Earlier in the week, the pair broke above the 100-day MA (red line) for the first time since April. That was a key win for buyers to extend the upside move but this is where the real trouble begins.
There is no doubt that there has been plenty of positives for the kiwi as of late. Better economic data (strong labour market report), RBNZ moving forward rate hike forecast, stretched short positions continuing to be squeezed. It makes for a good cocktail for the kiwi to push higher.
But in markets, nothing ever moves in a straight line. And with key resistance levels lying nearby here. This is a good spot for traders to reevaluate the recent upside in the kiwi.
We’re sitting near the 0.6800 handle where offers lie but there’s also daily resistance from the 38.2 retracement level @ 0.6796 as well as swing region resistance around 0.6820 from the October 2017 low. Add to the fact that there are large expiries rolling off later today at 0.6800, it’s helping to limit gains seen so far in the pair.
Although things have been looking better for the kiwi recently, I’m still not all too optimistic about the outlook; for now at least. It’s going to take a whole lot more — especially economic growth data — to convince me that the turnaround here is nothing more than a correction.

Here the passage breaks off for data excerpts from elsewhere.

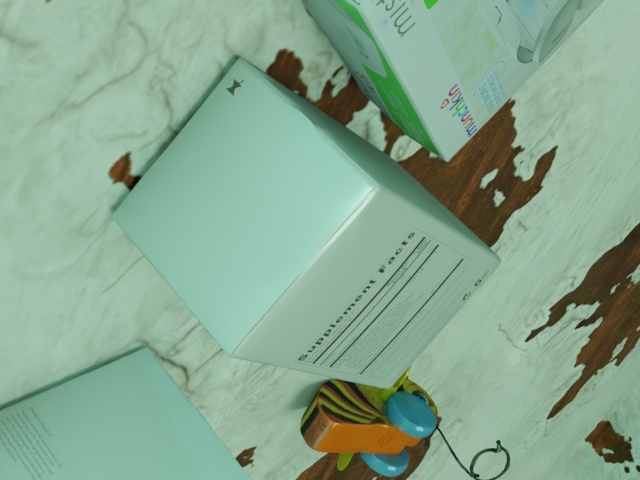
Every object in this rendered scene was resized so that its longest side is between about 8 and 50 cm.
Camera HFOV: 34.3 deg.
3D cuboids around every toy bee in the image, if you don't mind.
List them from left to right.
[{"bbox_3d":[0.091,0.242,1.410,0.195,0.162,0.298,-41,127,11],"label":"toy bee"}]

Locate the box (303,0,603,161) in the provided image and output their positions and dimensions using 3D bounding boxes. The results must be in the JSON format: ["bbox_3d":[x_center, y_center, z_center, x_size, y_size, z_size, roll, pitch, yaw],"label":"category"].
[{"bbox_3d":[0.106,-0.226,0.812,0.231,0.127,0.262,-46,152,-1],"label":"box"}]

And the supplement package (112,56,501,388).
[{"bbox_3d":[0.000,0.000,0.911,0.175,0.177,0.293,-49,151,9],"label":"supplement package"}]

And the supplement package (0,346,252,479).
[{"bbox_3d":[-0.228,0.271,0.951,0.262,0.199,0.198,-22,145,-35],"label":"supplement package"}]
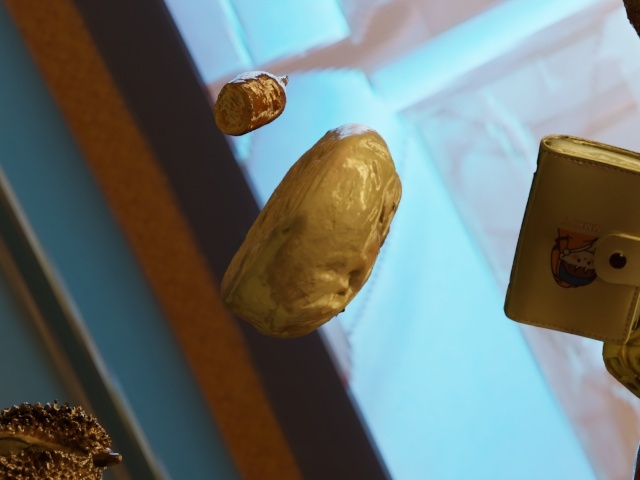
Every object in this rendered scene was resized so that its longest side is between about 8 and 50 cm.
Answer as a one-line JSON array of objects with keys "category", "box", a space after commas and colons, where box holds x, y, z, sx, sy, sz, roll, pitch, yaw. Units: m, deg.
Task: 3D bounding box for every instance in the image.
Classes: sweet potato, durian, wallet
[{"category": "sweet potato", "box": [-0.052, -0.121, 1.612, 0.049, 0.049, 0.117, 64, 29, -8]}, {"category": "durian", "box": [-0.316, 0.267, 2.204, 0.167, 0.196, 0.196, 60, 7, -55]}, {"category": "wallet", "box": [0.210, 0.000, 1.506, 0.039, 0.110, 0.155, -62, 165, -59]}]

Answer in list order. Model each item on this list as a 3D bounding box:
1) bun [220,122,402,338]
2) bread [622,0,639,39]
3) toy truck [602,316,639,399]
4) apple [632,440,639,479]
[{"category": "bun", "box": [0.000, 0.000, 1.826, 0.116, 0.210, 0.237, 33, -29, -7]}, {"category": "bread", "box": [0.301, -0.249, 1.671, 0.193, 0.064, 0.193, 178, -90, -84]}, {"category": "toy truck", "box": [0.411, -0.031, 1.735, 0.180, 0.405, 0.254, 35, -23, -30]}, {"category": "apple", "box": [0.315, 0.175, 1.379, 0.174, 0.188, 0.188, 98, -29, -65]}]

But that’s not to say that the kiwi isn’t on the right track. Until the RBNZ decides to sway from its «next rate move could either be up or down» stance, it’s tough to argue a case for the kiwi to sustain a prolonged rally against the dollar as monetary policy divergence will eventually weigh.
I believe there will be more opportunities looking for shorts as we move closer to 0.6900 and unless price somehow breaks above the 200-day MA (blue line), I’m more convinced the medium-term outlook is still for a move lower in the pair.